(Saved data entries)
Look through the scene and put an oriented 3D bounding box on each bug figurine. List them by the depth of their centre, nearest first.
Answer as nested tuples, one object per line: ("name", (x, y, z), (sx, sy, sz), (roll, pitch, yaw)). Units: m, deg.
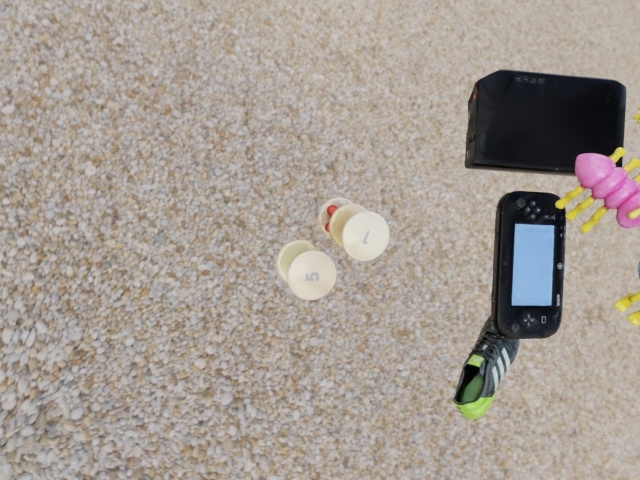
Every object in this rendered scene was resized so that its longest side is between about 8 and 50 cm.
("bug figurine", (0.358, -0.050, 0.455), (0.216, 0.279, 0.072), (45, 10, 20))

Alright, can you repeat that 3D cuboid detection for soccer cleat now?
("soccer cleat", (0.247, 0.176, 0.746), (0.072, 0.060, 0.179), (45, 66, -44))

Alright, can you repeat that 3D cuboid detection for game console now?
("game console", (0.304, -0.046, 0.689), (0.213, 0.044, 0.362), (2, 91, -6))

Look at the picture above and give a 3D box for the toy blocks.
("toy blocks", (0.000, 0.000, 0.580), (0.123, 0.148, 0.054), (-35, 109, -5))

==

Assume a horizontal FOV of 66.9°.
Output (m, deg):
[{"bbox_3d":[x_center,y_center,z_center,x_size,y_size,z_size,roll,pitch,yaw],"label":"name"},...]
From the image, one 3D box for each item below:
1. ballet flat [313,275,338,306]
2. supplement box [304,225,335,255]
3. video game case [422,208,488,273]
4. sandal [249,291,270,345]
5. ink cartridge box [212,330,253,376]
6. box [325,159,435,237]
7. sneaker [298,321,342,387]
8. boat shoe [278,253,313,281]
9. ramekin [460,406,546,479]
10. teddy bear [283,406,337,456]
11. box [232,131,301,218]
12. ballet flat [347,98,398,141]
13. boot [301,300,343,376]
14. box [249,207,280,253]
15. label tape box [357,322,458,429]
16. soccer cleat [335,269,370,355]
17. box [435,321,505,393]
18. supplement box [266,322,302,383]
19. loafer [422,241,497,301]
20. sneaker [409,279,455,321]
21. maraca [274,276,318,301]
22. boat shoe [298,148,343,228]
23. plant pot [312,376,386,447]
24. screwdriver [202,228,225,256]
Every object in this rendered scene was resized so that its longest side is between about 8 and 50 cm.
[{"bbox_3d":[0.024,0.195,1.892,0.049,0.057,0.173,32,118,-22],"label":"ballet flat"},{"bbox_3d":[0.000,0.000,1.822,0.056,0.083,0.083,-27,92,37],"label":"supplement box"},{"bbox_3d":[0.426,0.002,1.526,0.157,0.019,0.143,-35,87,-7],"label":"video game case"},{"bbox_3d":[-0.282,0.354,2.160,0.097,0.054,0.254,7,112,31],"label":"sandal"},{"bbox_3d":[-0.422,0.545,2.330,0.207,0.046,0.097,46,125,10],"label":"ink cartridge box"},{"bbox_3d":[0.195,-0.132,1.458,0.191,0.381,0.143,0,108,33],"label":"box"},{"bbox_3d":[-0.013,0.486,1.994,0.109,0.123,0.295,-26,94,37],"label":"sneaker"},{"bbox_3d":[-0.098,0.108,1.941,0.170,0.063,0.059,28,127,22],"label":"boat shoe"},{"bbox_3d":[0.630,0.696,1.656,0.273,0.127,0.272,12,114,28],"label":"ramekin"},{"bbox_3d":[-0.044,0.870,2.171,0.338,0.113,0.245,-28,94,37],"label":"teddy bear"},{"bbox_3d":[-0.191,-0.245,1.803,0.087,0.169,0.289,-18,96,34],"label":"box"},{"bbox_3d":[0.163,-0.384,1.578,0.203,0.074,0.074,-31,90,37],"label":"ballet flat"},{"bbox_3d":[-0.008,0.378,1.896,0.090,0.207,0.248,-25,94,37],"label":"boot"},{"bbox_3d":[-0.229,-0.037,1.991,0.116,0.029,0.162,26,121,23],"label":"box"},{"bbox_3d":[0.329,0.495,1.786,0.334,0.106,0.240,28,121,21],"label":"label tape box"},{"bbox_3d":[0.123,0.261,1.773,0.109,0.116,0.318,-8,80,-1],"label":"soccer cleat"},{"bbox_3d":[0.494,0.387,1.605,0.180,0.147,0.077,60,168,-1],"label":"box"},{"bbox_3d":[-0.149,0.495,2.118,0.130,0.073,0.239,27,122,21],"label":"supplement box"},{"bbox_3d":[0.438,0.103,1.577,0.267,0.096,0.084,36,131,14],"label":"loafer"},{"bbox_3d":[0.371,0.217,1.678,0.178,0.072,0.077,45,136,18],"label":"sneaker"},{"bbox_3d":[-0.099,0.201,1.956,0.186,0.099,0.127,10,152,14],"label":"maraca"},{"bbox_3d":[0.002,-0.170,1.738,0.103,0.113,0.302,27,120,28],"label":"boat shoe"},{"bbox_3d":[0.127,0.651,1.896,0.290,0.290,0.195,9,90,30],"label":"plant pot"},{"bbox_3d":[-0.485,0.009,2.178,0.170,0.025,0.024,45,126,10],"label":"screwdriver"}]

Work to be completed —
Tally the lines in the records above that contain the string "roll" and report only the tally.

Exercise answer —
2